I’m ramping up my involvement in our elementary school, which is arguably one of if not the best public school on the west side, in our beautiful city of Santa Monica. With two boys in and one more on deck, I will be inextricably intertwined with this kinder through fifth grade school for a total of 11 years. Just as my middle son leaves for middle school, my youngest son will begin his kindergarten class. So this is an investment in the truest sense of the word. I need to step it up.

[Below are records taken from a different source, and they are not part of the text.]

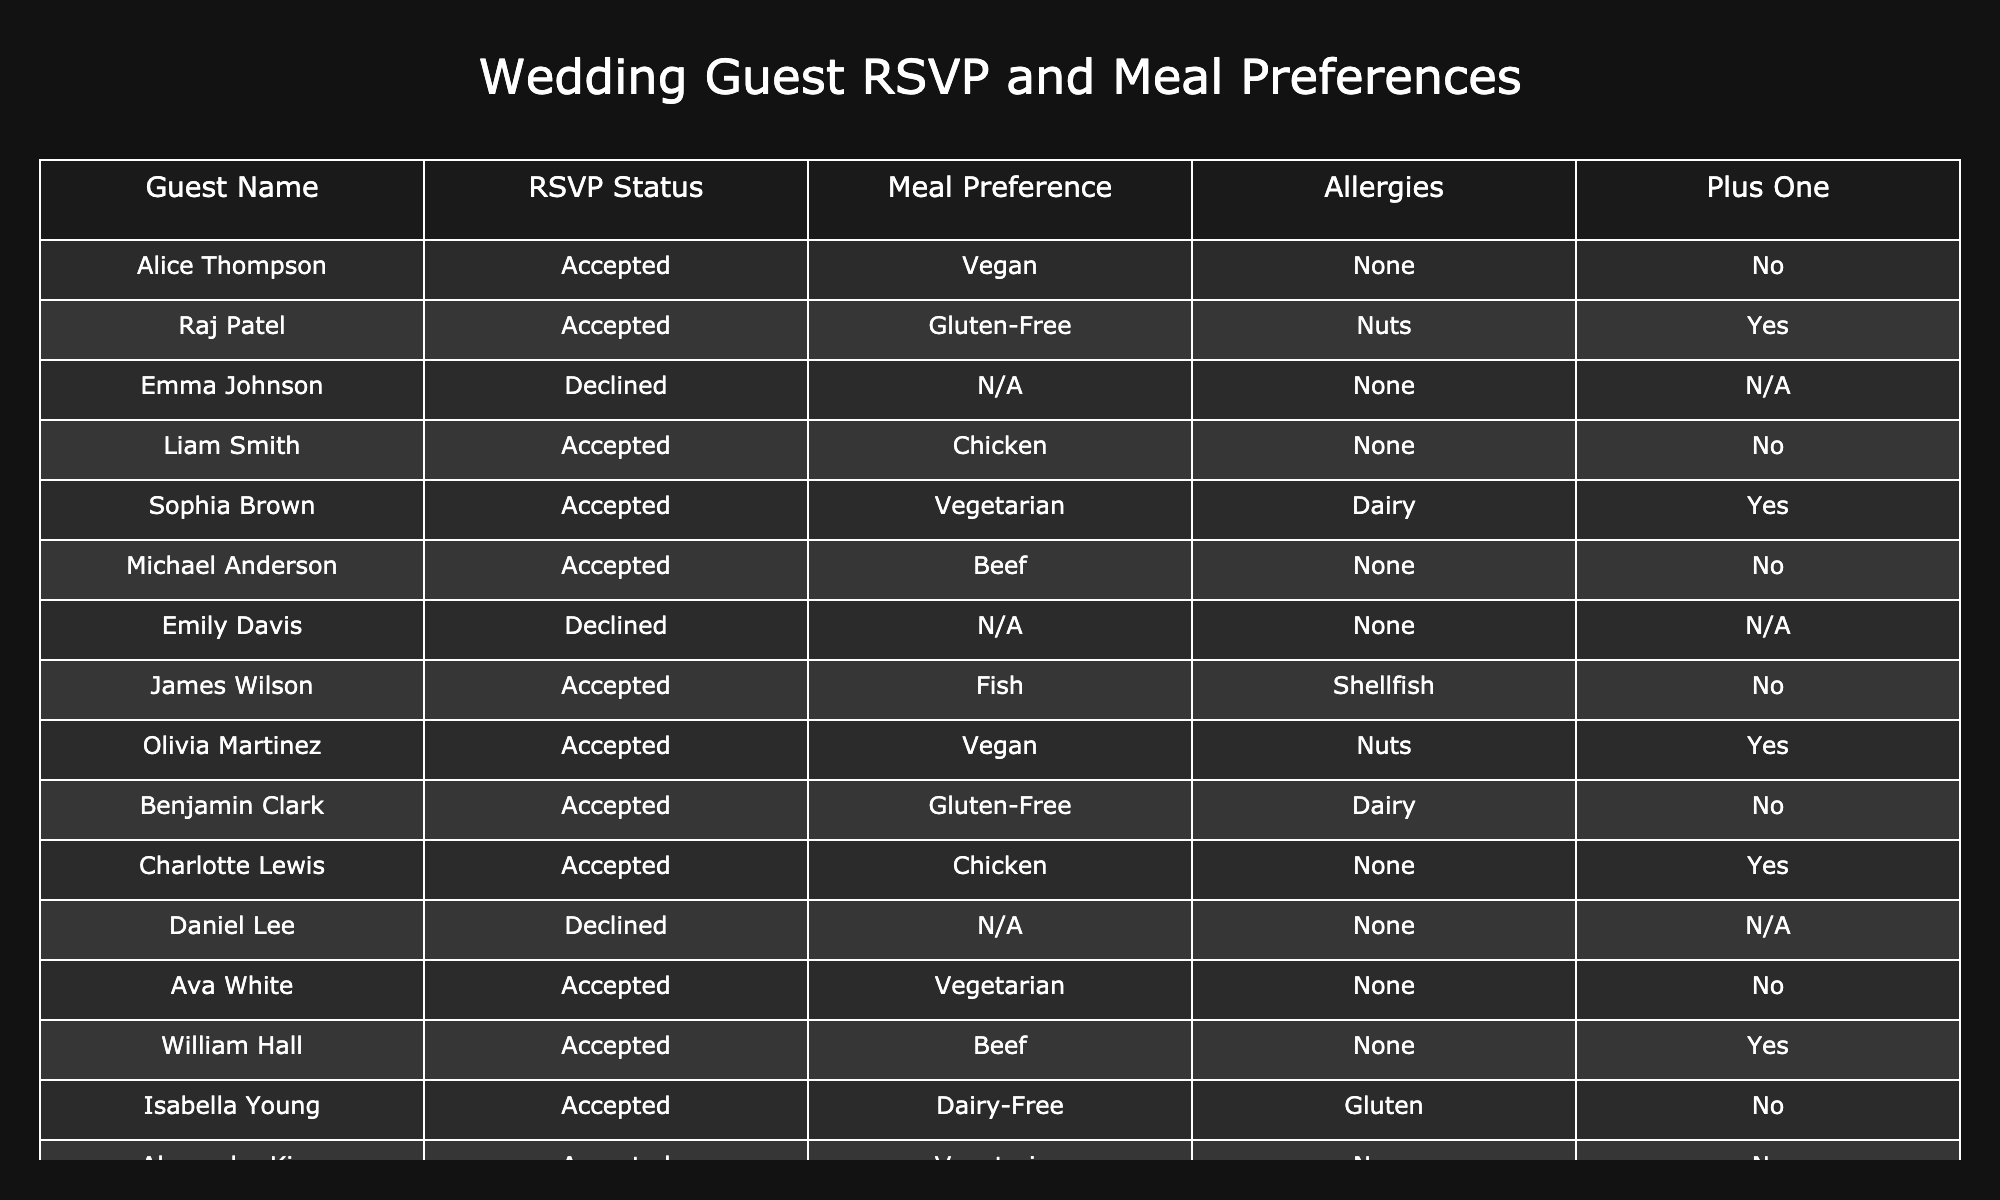What is the meal preference of Alice Thompson? Alice Thompson's meal preference is listed under the 'Meal Preference' column, and for her, it is 'Vegan'.
Answer: Vegan How many guests accepted the RSVP? By counting the entries in the 'RSVP Status' column that say 'Accepted', we find there are 10 guests who accepted.
Answer: 10 Are there any guests who have allergies? Checking the 'Allergies' column, we see that only Raj Patel, Sophia Brown, James Wilson, and Isabella Young have allergies listed. Thus, there are guests with allergies.
Answer: Yes What meal preference is the most common among the accepted guests? To find the most common meal preference among the accepted guests, we summarize the 'Meal Preference' column for entries marked 'Accepted'. It shows Vegan, Gluten-Free, Chicken, Vegetarian, Beef, Fish, and Dairy-Free. Since Chicken and Vegetarian appear twice, they are the most common.
Answer: Chicken and Vegetarian How many guests prefer a meal that is not meat-based (vegetarian, vegan, or gluten-free)? We will filter through the 'Meal Preference' column and count the entries that are Vegetarian, Vegan, or Gluten-Free. The total counts are 5 guests (Alice Thompson, Sophia Brown, Olivia Martinez, Ava White, and Benjamin Clark).
Answer: 5 Is there any guest who accepted the RSVP and has a Plus One? By checking the 'Plus One' column for guests whose RSVP is 'Accepted', we see that Raj Patel, Sophia Brown, Charlotte Lewis, and William Hall have a Plus One. This confirms that there are guests with a Plus One.
Answer: Yes What percentage of accepted guests have gluten-free meal preferences? There are a total of 10 accepted guests, among which 2 have gluten-free meal preferences (Raj Patel and Benjamin Clark). Therefore, the percentage is calculated as (2/10) * 100 = 20%.
Answer: 20% How many guests declined their RSVP and have meal preferences listed? Both Emily Davis and Daniel Lee declined and do not have meal preferences listed; thus, the count of declined guests with preferences is zero.
Answer: 0 Which guests prefer fish or beef? Looking into the 'Meal Preference' column, Michael Anderson (Beef) and James Wilson (Fish) prefer either of these meals.
Answer: Michael Anderson and James Wilson

I am already “Room Parent” for my kindergartener, which is basically a mix of glorified secretary (you send out emails to the class) and underpaid cheerleader (you get people to volunteer, donate, and help out.) I try and add some levity to my email blasts, with mixed results (some parents do reply with an LOL), and I try and add a personal touch since I have just experienced this exact classroom and teacher last year with my oldest son. I stick out like a sore thumb as I stroll up to class for drop off or pick up with my cute as a button one-year old son and my I’m here/ I’m queer attitude. As a side note to this, as of this writing neither my husband nor myself has ever seen another same-sex couple on the campus, although there is rumor of one other couple with a child in the upper grades. Woo hoo!
I truly like being Room Parent, because it keeps you in the loop and more involved (sometimes not by choice) with your child’s class. Our kindergartener is our middle child with a heart of gold (and pink and purple), so we welcome the inside scoop on his well-being. He’s doing really well. I also get to know the parents faster than most others, partly because I’m in charge of the class roster, and partly because I’m somewhat (my husband would say extremely) gregarious in an Italian lover kind of way. I do love meeting all the parents.
But I need to do more. As a public school, funding is always an issue. Our particular school, in part due to its location smack dab in the middle of the most affluent part of our city, has not struggled with money as much as the eight or so other schools in the district. Deep pockets have paid for premium staff such as art teachers, music teachers, computer techies, and the like, but starting next year the district has decided to even the playing field. No longer will a school be able to pay towards staffing itself. Any money donated for that use would be collected in a general fund and then dispersed evenly. The district is hoping that the amount of money donated will equal $4,000,000. If that money is not raised in the next ten weeks, our stand out school will be suffering just like all the rest. As of now we are at $2,591,193.
So I’m asking parents to contribute. I’m attending PTA meetings (there might be one or two other fathers among a sea of mothers.) I’ve gone to the district office to speak with the foundation that is in charge of raising funds. I’ve given some ideas. We’ve contributed amounts above our comfort level. Then we contributed some more. I feel like I’m just getting my feet wet, but I need to dive in and start some serious swimming. My sons are depending on it.